Task details:
Word for word, print out all of the data, omitting every image.

Exercise material section start

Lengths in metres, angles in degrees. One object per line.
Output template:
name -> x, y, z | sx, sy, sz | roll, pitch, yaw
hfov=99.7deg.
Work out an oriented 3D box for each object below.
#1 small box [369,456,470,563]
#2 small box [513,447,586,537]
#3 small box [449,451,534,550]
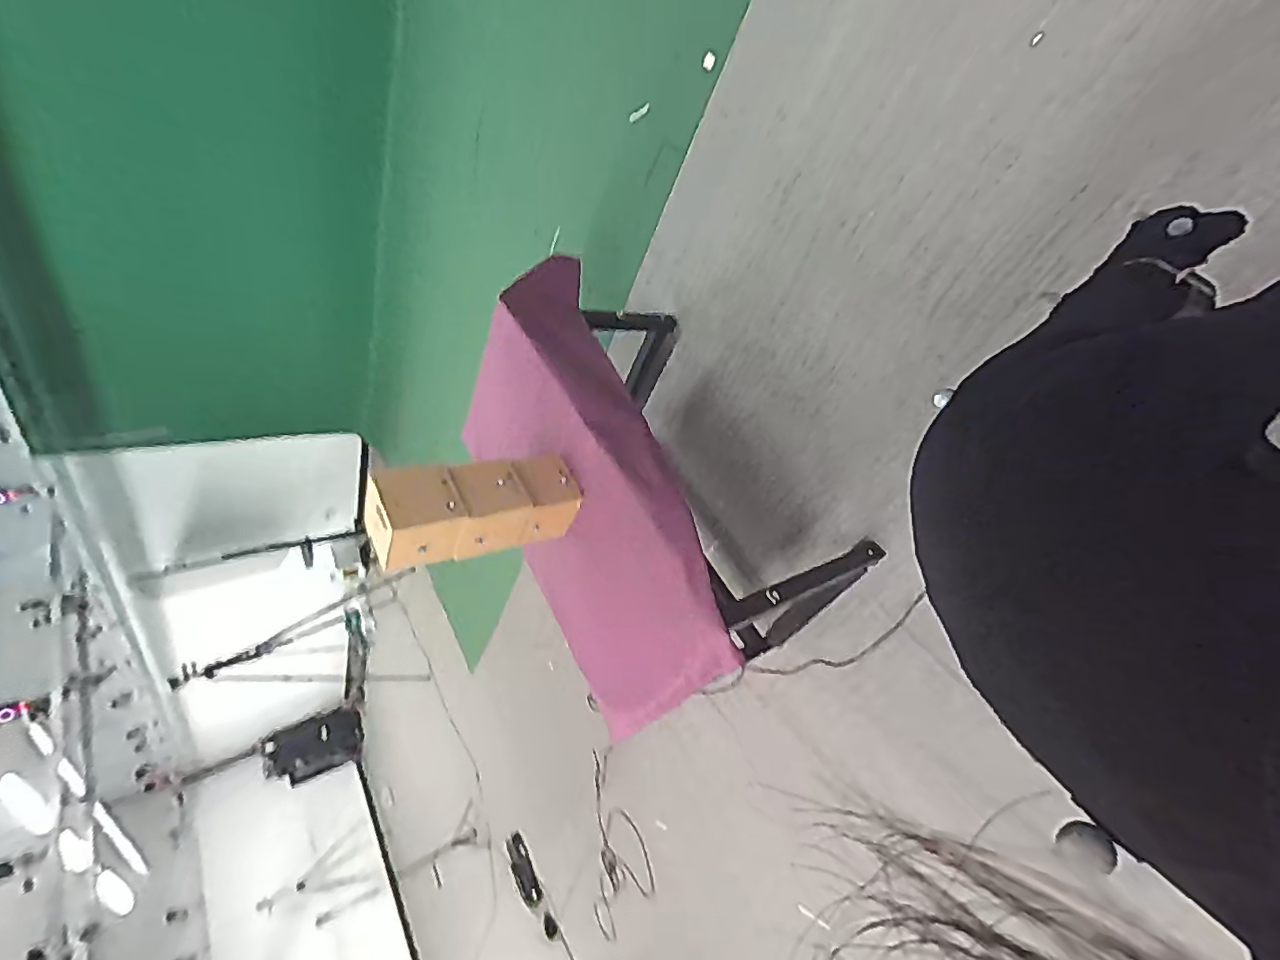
small box -> -0.512, 0.064, 1.260 | 0.168, 0.176, 0.179 | 57, 137, 24
small box -> -0.271, 0.030, 1.481 | 0.168, 0.176, 0.179 | 58, 136, 24
small box -> -0.388, 0.048, 1.367 | 0.168, 0.176, 0.179 | 56, 136, 24

Exercise material section end

Solved exercise:
Lengths in metres, angles in degrees. One object per line.
Output template:
name -> x, y, z | sx, sy, sz | roll, pitch, yaw
hfov=99.7deg.
Work out an oriented 3D box for each object below.
#1 small box [369,456,470,563]
#2 small box [513,447,586,537]
#3 small box [449,451,534,550]
small box -> -0.512, 0.064, 1.260 | 0.168, 0.176, 0.179 | 57, 137, 24
small box -> -0.271, 0.030, 1.481 | 0.168, 0.176, 0.179 | 58, 136, 24
small box -> -0.388, 0.048, 1.367 | 0.168, 0.176, 0.179 | 56, 136, 24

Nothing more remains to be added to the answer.